Um troll que apareceu de repente na frente dos dois levou um golpe da espada de Gourry, enquanto outro foi despedaçado pela magia de ataque de Zel. Os dois garotos então desapareceram mais fundo no buraco. Os sons de espadas se chocando aos poucos se afastaram cada vez mais.
“Senhorita Sylphiel.” disse Lantz. “Continue curando Lina. Quando ela puder se mover novamente, iremos nos juntar a eles.”
“Vai demorar um pouco mais. Por favor, seja paciente.” Sylphiel respondeu com um aceno de cabeça agradável.
“Oh, eu sei...” disse Eris em seguida. “Desculpe, contudo acho que vou aproveitar esta chance para fazer trilhas. Eu só atrasaria vocês de qualquer maneira, então...”
“Eris!” ela estava prestes a se levantar, entretanto meu tom forte ao chamá-la a impediu. “Não vá ainda. Há uma chance de te matarem de qualquer maneira.”
“M-Mas...”
“Não vá.” insisti.
“Sim, concordo com Lina.” disse Lantz.
E com isso, Eris finalmente cedeu e tornou a se sentar.
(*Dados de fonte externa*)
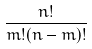Convert formula to latex. <formula><loc_0><loc_0><loc_500><loc_500>\frac { n ! } { m ! ( n - m ) ! }</formula> 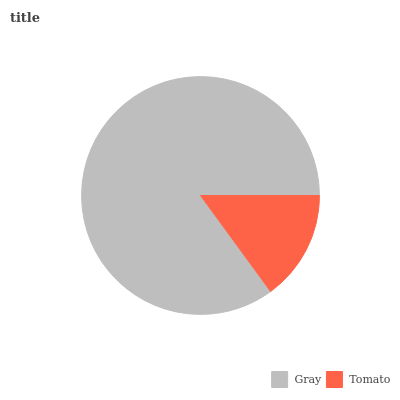Is Tomato the minimum?
Answer yes or no. Yes. Is Gray the maximum?
Answer yes or no. Yes. Is Tomato the maximum?
Answer yes or no. No. Is Gray greater than Tomato?
Answer yes or no. Yes. Is Tomato less than Gray?
Answer yes or no. Yes. Is Tomato greater than Gray?
Answer yes or no. No. Is Gray less than Tomato?
Answer yes or no. No. Is Gray the high median?
Answer yes or no. Yes. Is Tomato the low median?
Answer yes or no. Yes. Is Tomato the high median?
Answer yes or no. No. Is Gray the low median?
Answer yes or no. No. 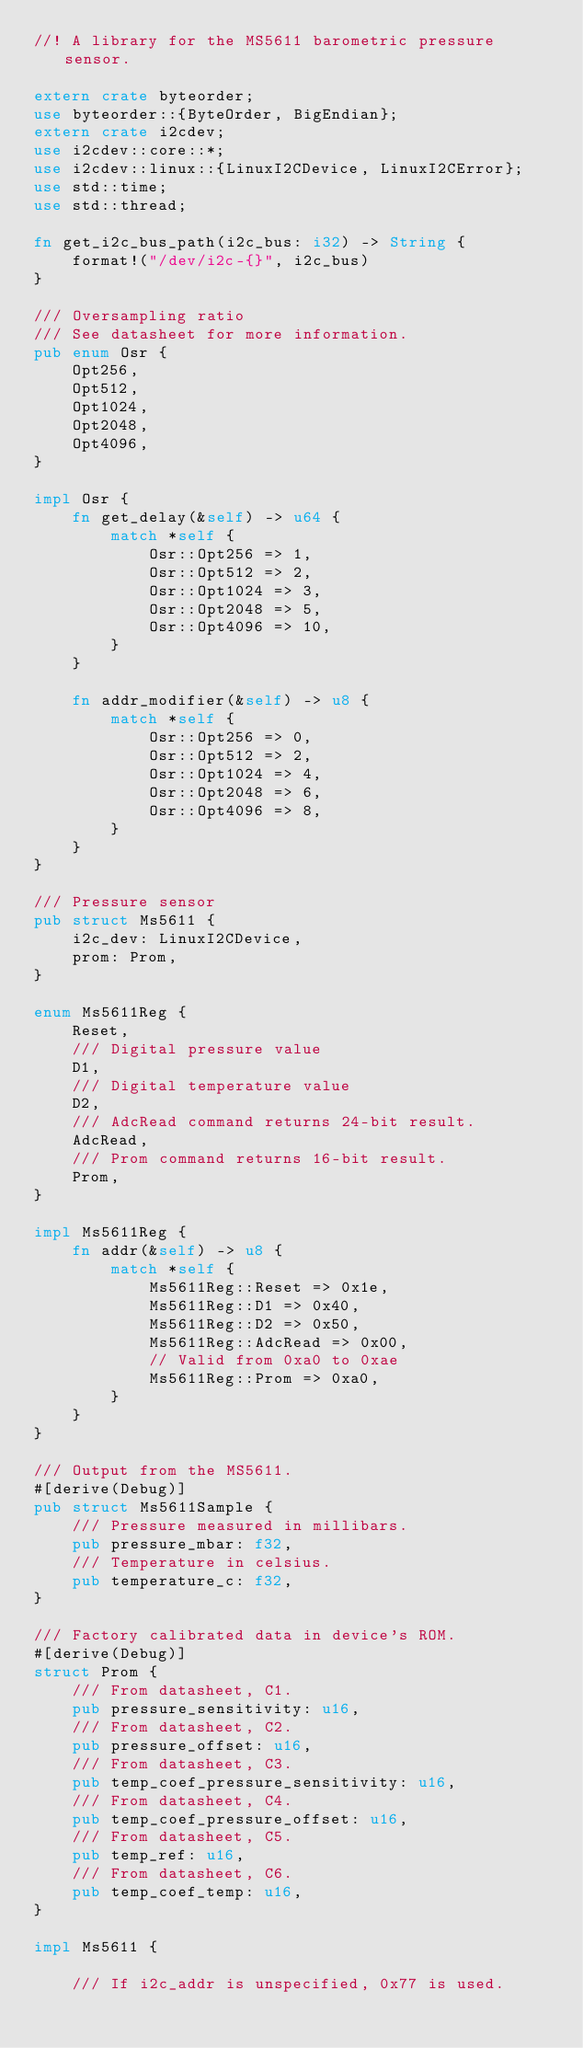<code> <loc_0><loc_0><loc_500><loc_500><_Rust_>//! A library for the MS5611 barometric pressure sensor.

extern crate byteorder;
use byteorder::{ByteOrder, BigEndian};
extern crate i2cdev;
use i2cdev::core::*;
use i2cdev::linux::{LinuxI2CDevice, LinuxI2CError};
use std::time;
use std::thread;

fn get_i2c_bus_path(i2c_bus: i32) -> String {
    format!("/dev/i2c-{}", i2c_bus)
}

/// Oversampling ratio
/// See datasheet for more information.
pub enum Osr {
    Opt256,
    Opt512,
    Opt1024,
    Opt2048,
    Opt4096,
}

impl Osr {
    fn get_delay(&self) -> u64 {
        match *self {
            Osr::Opt256 => 1,
            Osr::Opt512 => 2,
            Osr::Opt1024 => 3,
            Osr::Opt2048 => 5,
            Osr::Opt4096 => 10,
        }
    }

    fn addr_modifier(&self) -> u8 {
        match *self {
            Osr::Opt256 => 0,
            Osr::Opt512 => 2,
            Osr::Opt1024 => 4,
            Osr::Opt2048 => 6,
            Osr::Opt4096 => 8,
        }
    }
}

/// Pressure sensor
pub struct Ms5611 {
    i2c_dev: LinuxI2CDevice,
    prom: Prom,
}

enum Ms5611Reg {
    Reset,
    /// Digital pressure value
    D1,
    /// Digital temperature value
    D2,
    /// AdcRead command returns 24-bit result.
    AdcRead,
    /// Prom command returns 16-bit result.
    Prom,
}

impl Ms5611Reg {
    fn addr(&self) -> u8 {
        match *self {
            Ms5611Reg::Reset => 0x1e,
            Ms5611Reg::D1 => 0x40,
            Ms5611Reg::D2 => 0x50,
            Ms5611Reg::AdcRead => 0x00,
            // Valid from 0xa0 to 0xae
            Ms5611Reg::Prom => 0xa0,
        }
    }
}

/// Output from the MS5611.
#[derive(Debug)]
pub struct Ms5611Sample {
    /// Pressure measured in millibars.
    pub pressure_mbar: f32,
    /// Temperature in celsius.
    pub temperature_c: f32,
}

/// Factory calibrated data in device's ROM.
#[derive(Debug)]
struct Prom {
    /// From datasheet, C1.
    pub pressure_sensitivity: u16,
    /// From datasheet, C2.
    pub pressure_offset: u16,
    /// From datasheet, C3.
    pub temp_coef_pressure_sensitivity: u16,
    /// From datasheet, C4.
    pub temp_coef_pressure_offset: u16,
    /// From datasheet, C5.
    pub temp_ref: u16,
    /// From datasheet, C6.
    pub temp_coef_temp: u16,
}

impl Ms5611 {

    /// If i2c_addr is unspecified, 0x77 is used.</code>

Soltei um suspiro e então olhei para o buraco pelo qual Gourry e Zelgadis tinham acabado de sair.
“Espero que esses dois... Estejam bem...”
“Você deveria reservar essa preocupação para si mesma.”
Todos nós nos viramos ao som da nova voz para ver algo semelhante a um homem de preto parado ali... Era Vizea.
“Perdoe a intrusão, entretanto esta parece uma ótima oportunidade para acabar com vocês.”
“Não... Vai acontecer...” gemi.
Tentei me levantar, porém de repente fui inundada por uma letargia poderosa. Meu corpo não respondeu, embora a dor enfim tivesse diminuído...
“Você ainda não está pronta.” Sylphiel me avisou.
“Lantz... Desculpe, mas poderia ganhar algum tempo? Por favor. Pelo menos até que eu me recupere...”
“Claro!” ele respondeu.
Lantz então se levantou com a Lâmina Abençoada na mão. A luz da determinação brilhava em seus olhos.
“Não vou deixar ele encostar um dedo em você. Eu te devo muito... E prometi ao mano. Aquele cara...” ele disse firmemente, apontando sua espada para o mazoku. “Vai cair!”